Every day I notice examples of infuriatingly bad design, often in places where it simply boggles the mind. Cash machines for example. Around for decades now and used by millions of people every day you’d think they would have evolved into the ultimate example of efficient usability. Yet many of them seem to have been created and installed without even the slightest common sense being brought into the equation.
As a person of about average height, when I stand in front of a cash machine I am convinced of man’s inhumanity to man as all I can see is the brickwork in front of my face. I contort myself into an undignified squat with my arse sticking out, in order to be able to see the machine. This makes it that much harder to conceal my actions with my body. Even in this position, the angle and deep inset of the screen is such that the buttons along the edge are visually misaligned so that they appear to match up with the option below the one I intend. Some banks solve this parallax error with lines running from the buttons to the plane of the screen. Hooray for them! They’ve probably got a patent on this bit of common sense to prevent the rest of the world from benefiting. Boo to them!
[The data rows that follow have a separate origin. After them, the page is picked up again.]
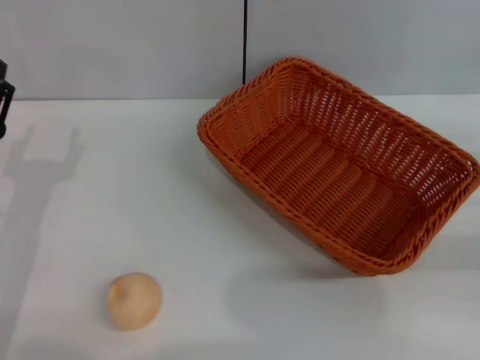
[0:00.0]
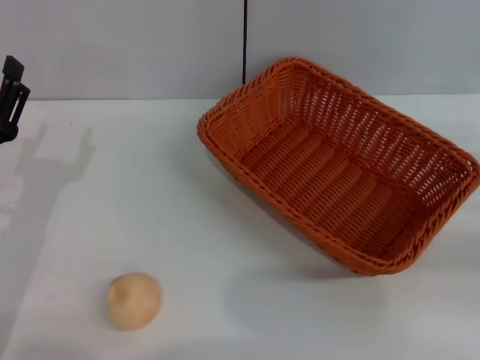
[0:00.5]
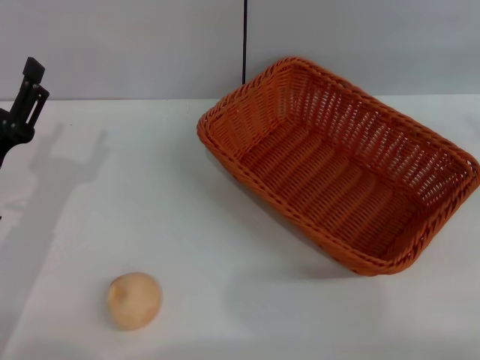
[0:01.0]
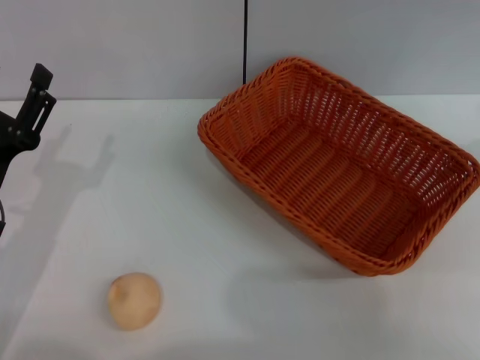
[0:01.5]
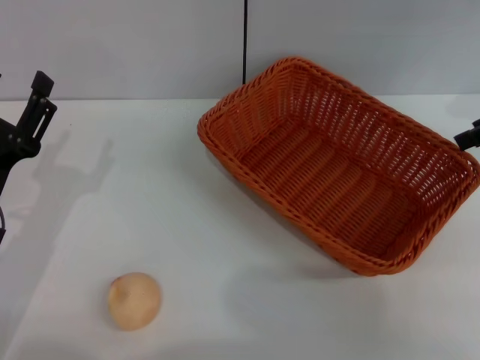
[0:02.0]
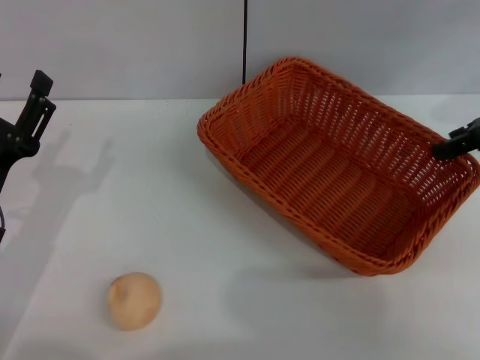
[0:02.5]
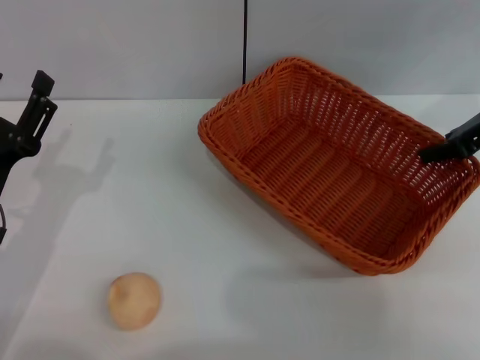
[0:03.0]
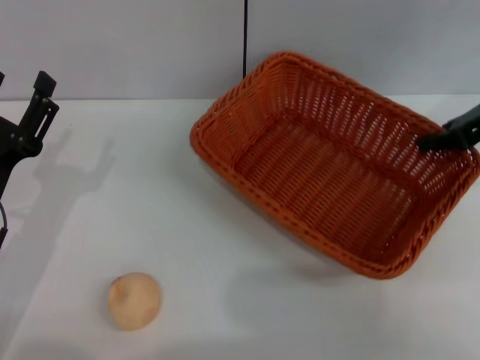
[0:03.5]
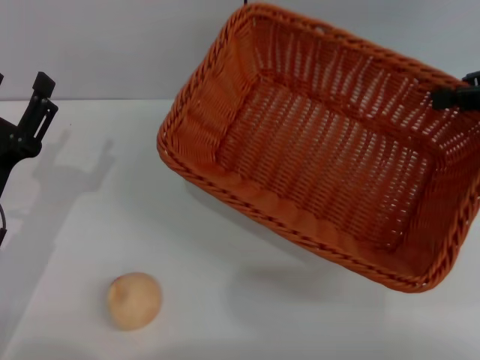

I appreciate that short and disabled people must be accommodated, but I struggle to believe that there’s no decent solution that doesn’t wreck the experience for the other 90%. Do those responsible possess enough awareness of the world around them to realise their folly once they have committed it? Presumably not otherwise they’d fix it the next time and we’d have had decent cash machines since about 1975. So, I offer my services as a “common sense consultant”, ready to look on any problem with eyes wide open and a big dollop of common sense and competency. And thus will the world become a nicer place and I will become rich. But alas, I may have to consider that Plan B.